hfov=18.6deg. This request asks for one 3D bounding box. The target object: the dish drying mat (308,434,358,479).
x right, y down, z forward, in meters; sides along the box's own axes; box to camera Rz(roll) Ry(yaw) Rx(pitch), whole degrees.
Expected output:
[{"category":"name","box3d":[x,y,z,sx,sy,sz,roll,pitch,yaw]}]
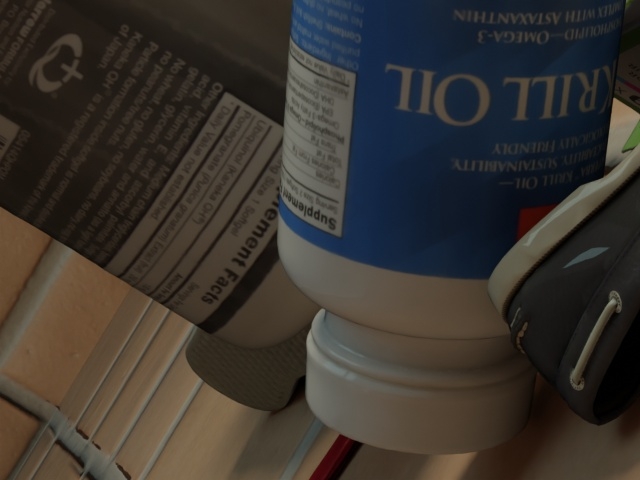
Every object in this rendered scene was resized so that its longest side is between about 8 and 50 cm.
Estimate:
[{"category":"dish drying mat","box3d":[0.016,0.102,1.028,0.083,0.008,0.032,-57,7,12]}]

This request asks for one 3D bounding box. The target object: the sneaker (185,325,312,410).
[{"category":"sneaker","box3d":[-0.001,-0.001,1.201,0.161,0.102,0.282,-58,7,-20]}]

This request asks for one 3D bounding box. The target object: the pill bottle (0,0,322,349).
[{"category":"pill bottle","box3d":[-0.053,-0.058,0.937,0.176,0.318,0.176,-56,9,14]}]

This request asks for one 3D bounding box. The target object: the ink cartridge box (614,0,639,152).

##############################

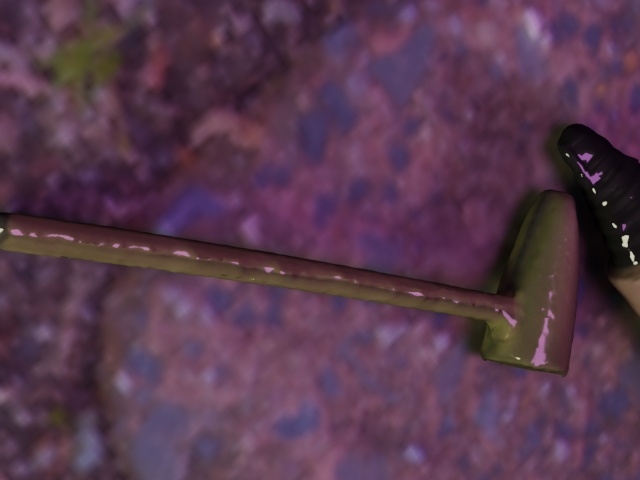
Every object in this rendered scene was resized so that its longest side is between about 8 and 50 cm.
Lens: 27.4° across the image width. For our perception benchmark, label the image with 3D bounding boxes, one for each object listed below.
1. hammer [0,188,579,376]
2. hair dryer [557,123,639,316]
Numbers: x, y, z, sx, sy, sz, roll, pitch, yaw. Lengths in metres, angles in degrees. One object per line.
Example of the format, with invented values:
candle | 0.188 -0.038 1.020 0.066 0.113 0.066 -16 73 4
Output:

##############################

I would like the exact lines from the data above, starting with the one that holds "hfov=18.6deg. This request" and going on through the one that holds "cartridge box (614,0,639,152).", without the pictures.

hfov=18.6deg. This request asks for one 3D bounding box. The target object: the dish drying mat (308,434,358,479).
x right, y down, z forward, in meters; sides along the box's own axes; box to camera Rz(roll) Ry(yaw) Rx(pitch), whole degrees.
Expected output:
[{"category":"name","box3d":[x,y,z,sx,sy,sz,roll,pitch,yaw]}]
Every object in this rendered scene was resized so that its longest side is between about 8 and 50 cm.
Estimate:
[{"category":"dish drying mat","box3d":[0.016,0.102,1.028,0.083,0.008,0.032,-57,7,12]}]

This request asks for one 3D bounding box. The target object: the sneaker (185,325,312,410).
[{"category":"sneaker","box3d":[-0.001,-0.001,1.201,0.161,0.102,0.282,-58,7,-20]}]

This request asks for one 3D bounding box. The target object: the pill bottle (0,0,322,349).
[{"category":"pill bottle","box3d":[-0.053,-0.058,0.937,0.176,0.318,0.176,-56,9,14]}]

This request asks for one 3D bounding box. The target object: the ink cartridge box (614,0,639,152).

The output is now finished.